The recording is done into a tmpfs mounted partition, in order to avoid any dependency on I/O load. The processing script performs the quality assessment on recorded files, and then moves or deletes them, depending on the measured score.
The SIP service was attached to an unusual UDP port, as port 5060 is frequently accessed by port scanners in public Internet. The DNS NAPTR and SRV records are used in order to use a universal SIP URI string, without having to reconfigure the remote servers if the IP address or UDP port changes.
Jitter buffer is disabled by default in FreeSWITCH, and it has to be activated whenever the calls are terminated on the server. In our case, the “jitterbuffer_msec” variable is set to “50:50” in the dialplan before answering and recording the call. With this, the jitter buffer is not allowed to grow dynamically above 50ms. So, we tolerate most of typical Internet-imposed jitter, but clock drift on the sending side would cause packet drop on the receiver.
The dialplan is designed to accept direct SIP calls from remote servers, and PSTN calls from telephony providers. If a remote server calls our QA service directly, it encodes the source name in the user part of the SIP URI. Also there are two options for a QA call: it can playback the test audio, or send silence. In case of PSTN calls, the caller ID is used as the source identifier. The dialplan activates audio recording into a WAV file on a tmpfs partition, and launches the processing script after the hangup.

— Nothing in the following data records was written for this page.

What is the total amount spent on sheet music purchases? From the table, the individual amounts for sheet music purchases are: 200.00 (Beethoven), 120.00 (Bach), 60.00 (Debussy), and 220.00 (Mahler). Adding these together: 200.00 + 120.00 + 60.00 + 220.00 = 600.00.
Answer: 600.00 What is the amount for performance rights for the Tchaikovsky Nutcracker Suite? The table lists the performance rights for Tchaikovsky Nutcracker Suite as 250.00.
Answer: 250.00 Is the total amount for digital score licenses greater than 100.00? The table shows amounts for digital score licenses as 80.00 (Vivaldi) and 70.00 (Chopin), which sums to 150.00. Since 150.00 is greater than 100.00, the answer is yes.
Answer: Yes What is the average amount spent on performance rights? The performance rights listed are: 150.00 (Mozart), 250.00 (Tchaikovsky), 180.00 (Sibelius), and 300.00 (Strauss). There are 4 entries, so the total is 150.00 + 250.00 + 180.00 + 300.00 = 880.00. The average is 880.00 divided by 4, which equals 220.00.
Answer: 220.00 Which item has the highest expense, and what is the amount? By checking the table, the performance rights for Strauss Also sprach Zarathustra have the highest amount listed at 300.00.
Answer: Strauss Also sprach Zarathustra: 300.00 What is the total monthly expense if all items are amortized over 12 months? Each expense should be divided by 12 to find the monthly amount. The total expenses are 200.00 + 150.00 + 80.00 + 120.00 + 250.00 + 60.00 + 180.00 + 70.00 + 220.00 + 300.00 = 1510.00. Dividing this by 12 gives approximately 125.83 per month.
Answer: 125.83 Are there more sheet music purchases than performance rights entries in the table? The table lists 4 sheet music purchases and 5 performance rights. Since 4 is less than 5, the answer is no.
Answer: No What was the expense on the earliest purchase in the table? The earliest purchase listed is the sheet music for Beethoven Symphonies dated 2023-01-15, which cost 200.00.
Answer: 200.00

The conference dialer is used for testing the conferencing performance on a production FreeSWITCH server. It requires a conferencing profile that does not play any greetings to conference participants. Also in case of more than two participants, only one has to be chosen as a speaker, and all others would be listeners. A dedicated SIP URI on the QA server is reserved to playback the test audio and not to perform any recording.
Each measurement result for QA calls is stored in an SQL database for further processing, and also sent to Syslog for real-time monitoring.
The test audio is a concatenation of speech samples from ITU-T Recommendation P.50 Appendix I, resampled from 16KHz to 8KHz and stored as 16-bit signed PCM audio.